**Records to use**

┄┄┄┄┄┄┄┄┄┄┄┄┄┄┄┄┄┄┄┄

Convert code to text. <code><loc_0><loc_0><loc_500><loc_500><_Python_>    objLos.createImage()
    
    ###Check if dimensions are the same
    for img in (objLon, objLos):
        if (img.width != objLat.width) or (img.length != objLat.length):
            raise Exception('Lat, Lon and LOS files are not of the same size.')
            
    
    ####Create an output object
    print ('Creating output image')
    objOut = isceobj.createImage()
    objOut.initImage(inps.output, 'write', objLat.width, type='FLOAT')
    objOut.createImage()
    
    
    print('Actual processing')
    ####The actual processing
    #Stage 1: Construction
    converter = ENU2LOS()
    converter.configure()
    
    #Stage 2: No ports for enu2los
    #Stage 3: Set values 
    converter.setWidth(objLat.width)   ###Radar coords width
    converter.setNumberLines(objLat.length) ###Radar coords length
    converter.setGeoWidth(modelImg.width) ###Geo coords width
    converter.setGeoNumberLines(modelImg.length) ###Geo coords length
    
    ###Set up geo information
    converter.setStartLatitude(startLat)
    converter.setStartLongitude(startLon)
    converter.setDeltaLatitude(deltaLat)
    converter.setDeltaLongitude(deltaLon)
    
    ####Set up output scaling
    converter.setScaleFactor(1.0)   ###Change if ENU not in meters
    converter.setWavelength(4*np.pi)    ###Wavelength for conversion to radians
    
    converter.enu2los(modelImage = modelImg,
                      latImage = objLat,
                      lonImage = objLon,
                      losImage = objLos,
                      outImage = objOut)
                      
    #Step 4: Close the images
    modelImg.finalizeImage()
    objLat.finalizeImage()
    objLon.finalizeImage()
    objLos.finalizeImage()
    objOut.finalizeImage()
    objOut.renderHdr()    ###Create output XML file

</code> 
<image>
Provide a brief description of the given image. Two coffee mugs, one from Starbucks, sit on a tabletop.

┄┄┄┄┄┄┄┄┄┄┄┄┄┄┄┄┄┄┄┄

**Aim of the exercise**
Where a line above includes "Stage", copy that line.

**Exercise answer**
    #Stage 1: Construction
    #Stage 2: No ports for enu2los
    #Stage 3: Set values 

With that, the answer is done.